### Information provided

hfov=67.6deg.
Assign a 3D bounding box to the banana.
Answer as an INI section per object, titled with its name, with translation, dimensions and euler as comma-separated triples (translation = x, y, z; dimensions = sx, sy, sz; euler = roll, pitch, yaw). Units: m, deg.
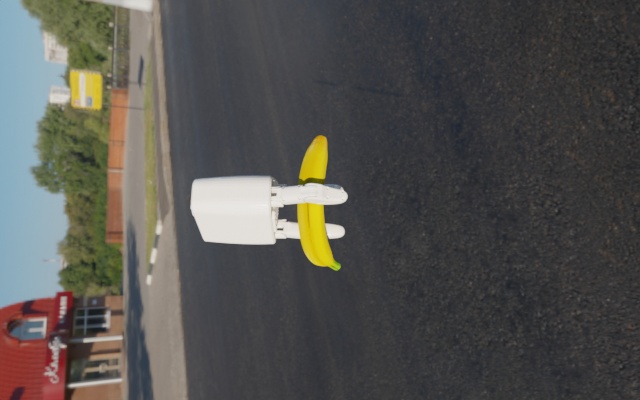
[banana]
translation = -0.007, 0.008, 0.669
dimensions = 0.037, 0.198, 0.069
euler = -2, 6, 24
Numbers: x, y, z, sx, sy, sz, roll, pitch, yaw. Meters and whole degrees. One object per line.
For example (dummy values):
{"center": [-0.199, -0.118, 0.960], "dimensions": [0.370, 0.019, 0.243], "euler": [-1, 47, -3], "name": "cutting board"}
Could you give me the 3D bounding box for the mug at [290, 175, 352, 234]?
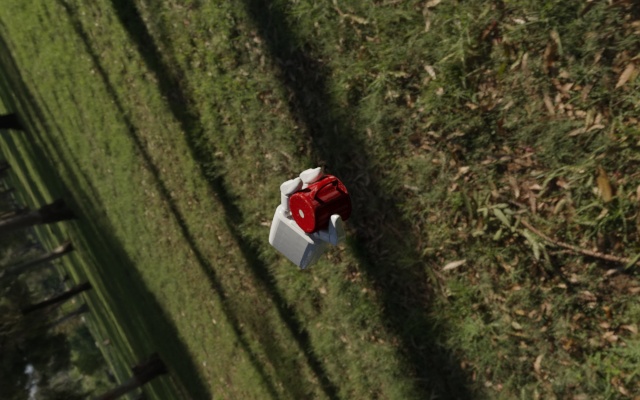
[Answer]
{"center": [0.000, 0.002, 0.870], "dimensions": [0.081, 0.093, 0.117], "euler": [-25, -26, -32], "name": "mug"}
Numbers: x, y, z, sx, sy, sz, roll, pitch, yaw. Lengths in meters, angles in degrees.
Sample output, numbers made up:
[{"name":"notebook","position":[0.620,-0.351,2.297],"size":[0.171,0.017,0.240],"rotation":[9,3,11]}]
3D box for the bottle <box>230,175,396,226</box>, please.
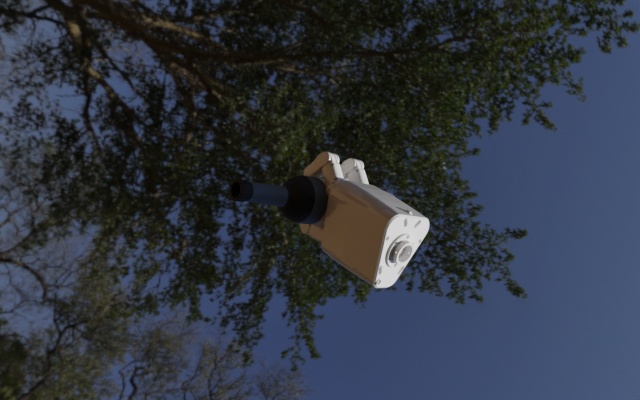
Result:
[{"name":"bottle","position":[0.000,0.002,0.683],"size":[0.069,0.069,0.296],"rotation":[0,-6,45]}]
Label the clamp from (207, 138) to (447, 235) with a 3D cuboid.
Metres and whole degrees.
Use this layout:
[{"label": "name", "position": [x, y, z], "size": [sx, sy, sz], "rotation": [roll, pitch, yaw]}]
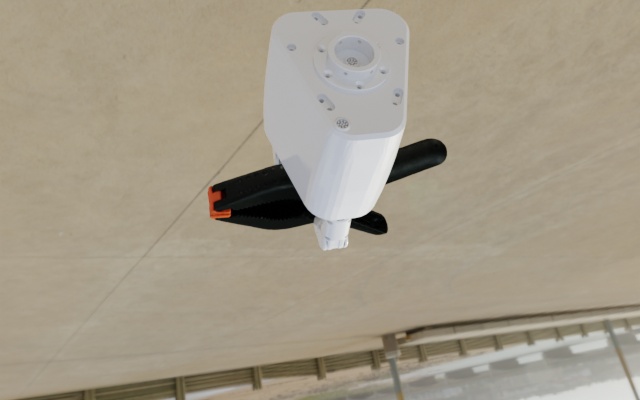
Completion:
[{"label": "clamp", "position": [0.000, 0.002, 0.464], "size": [0.210, 0.036, 0.165], "rotation": [-6, -28, -10]}]

### Assignment
The result should be an exact retyped version of all the entries above, containing no pictures.

### Solution
hfov=67.6deg.
Assign a 3D bounding box to the banana.
Answer as an INI section per object, titled with its name, with translation, dimensions and euler as comma-separated triples (translation = x, y, z; dimensions = sx, sy, sz; euler = roll, pitch, yaw). Units: m, deg.
[banana]
translation = -0.007, 0.008, 0.669
dimensions = 0.037, 0.198, 0.069
euler = -2, 6, 24
Numbers: x, y, z, sx, sy, sz, roll, pitch, yaw. Meters and whole degrees. One object per line.
For example (dummy values):
{"center": [-0.199, -0.118, 0.960], "dimensions": [0.370, 0.019, 0.243], "euler": [-1, 47, -3], "name": "cutting board"}
Could you give me the 3D bounding box for the mug at [290, 175, 352, 234]?
[Answer]
{"center": [0.000, 0.002, 0.870], "dimensions": [0.081, 0.093, 0.117], "euler": [-25, -26, -32], "name": "mug"}
Numbers: x, y, z, sx, sy, sz, roll, pitch, yaw. Lengths in meters, angles in degrees.
Sample output, numbers made up:
[{"name":"notebook","position":[0.620,-0.351,2.297],"size":[0.171,0.017,0.240],"rotation":[9,3,11]}]
3D box for the bottle <box>230,175,396,226</box>, please.
Result:
[{"name":"bottle","position":[0.000,0.002,0.683],"size":[0.069,0.069,0.296],"rotation":[0,-6,45]}]
Label the clamp from (207, 138) to (447, 235) with a 3D cuboid.
Metres and whole degrees.
Use this layout:
[{"label": "name", "position": [x, y, z], "size": [sx, sy, sz], "rotation": [roll, pitch, yaw]}]
Completion:
[{"label": "clamp", "position": [0.000, 0.002, 0.464], "size": [0.210, 0.036, 0.165], "rotation": [-6, -28, -10]}]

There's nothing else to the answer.